Extracted material: Begin
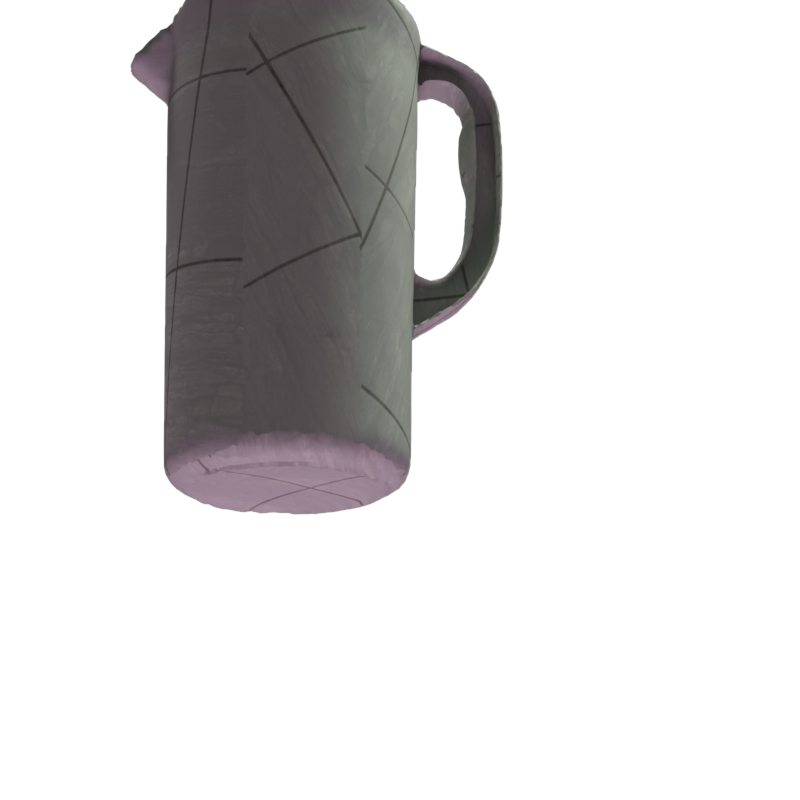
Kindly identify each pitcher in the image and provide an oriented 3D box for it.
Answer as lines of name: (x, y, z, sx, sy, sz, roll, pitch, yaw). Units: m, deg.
pitcher: (-0.042, -0.076, 0.534, 0.151, 0.257, 0.135, -17, -28, 32)
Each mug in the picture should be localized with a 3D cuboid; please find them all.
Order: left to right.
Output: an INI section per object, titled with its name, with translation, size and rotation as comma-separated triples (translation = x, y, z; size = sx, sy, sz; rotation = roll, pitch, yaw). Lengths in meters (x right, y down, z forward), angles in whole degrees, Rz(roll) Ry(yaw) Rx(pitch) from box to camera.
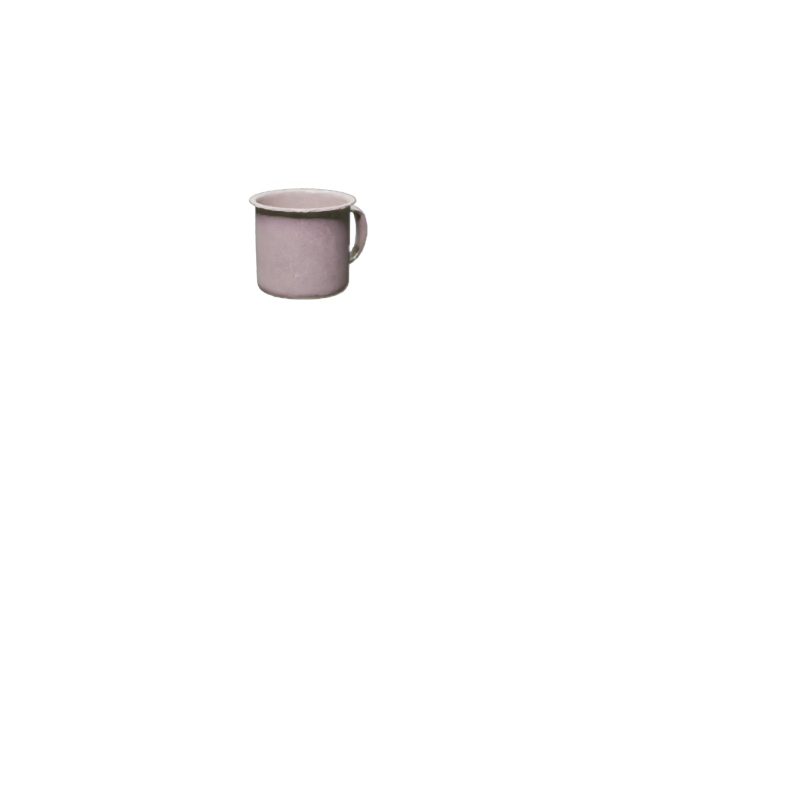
[mug]
translation = -0.076, -0.139, 0.975
size = 0.115, 0.078, 0.099
rotation = -16, 25, -40
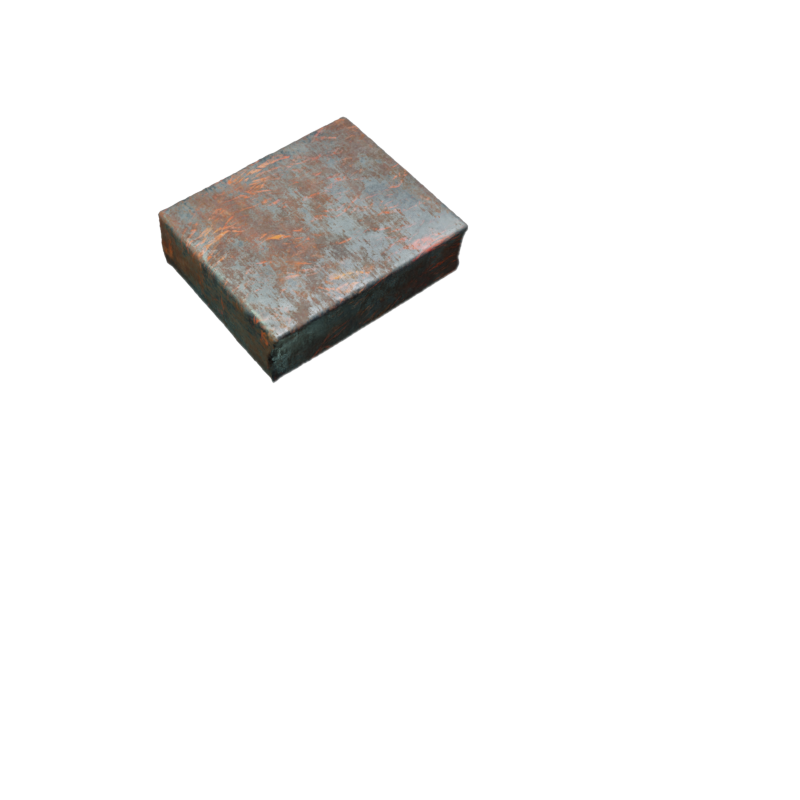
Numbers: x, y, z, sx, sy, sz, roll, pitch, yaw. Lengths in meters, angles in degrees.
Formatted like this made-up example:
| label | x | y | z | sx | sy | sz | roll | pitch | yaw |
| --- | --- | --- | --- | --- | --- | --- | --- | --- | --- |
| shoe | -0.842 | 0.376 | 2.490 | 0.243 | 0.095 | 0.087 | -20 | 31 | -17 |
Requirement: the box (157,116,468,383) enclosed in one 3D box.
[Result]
Extracted material: End
## [Task to carry out]
Set each line of the records down again exactly as it reads. Omit the pictures.

## [Response]
Kindly identify each pitcher in the image and provide an oriented 3D box for it.
Answer as lines of name: (x, y, z, sx, sy, sz, roll, pitch, yaw). Units: m, deg.
pitcher: (-0.042, -0.076, 0.534, 0.151, 0.257, 0.135, -17, -28, 32)
Each mug in the picture should be localized with a 3D cuboid; please find them all.
Order: left to right.
Output: an INI section per object, titled with its name, with translation, size and rotation as comma-separated triples (translation = x, y, z; size = sx, sy, sz; rotation = roll, pitch, yaw). Lengths in meters (x right, y down, z forward), angles in whole degrees, Rz(roll) Ry(yaw) Rx(pitch) from box to camera.
[mug]
translation = -0.076, -0.139, 0.975
size = 0.115, 0.078, 0.099
rotation = -16, 25, -40
Numbers: x, y, z, sx, sy, sz, roll, pitch, yaw. Lengths in meters, angles in degrees.
Formatted like this made-up example:
| label | x | y | z | sx | sy | sz | roll | pitch | yaw |
| --- | --- | --- | --- | --- | --- | --- | --- | --- | --- |
| shoe | -0.842 | 0.376 | 2.490 | 0.243 | 0.095 | 0.087 | -20 | 31 | -17 |
Requirement: the box (157,116,468,383) enclosed in one 3D box.
[Result]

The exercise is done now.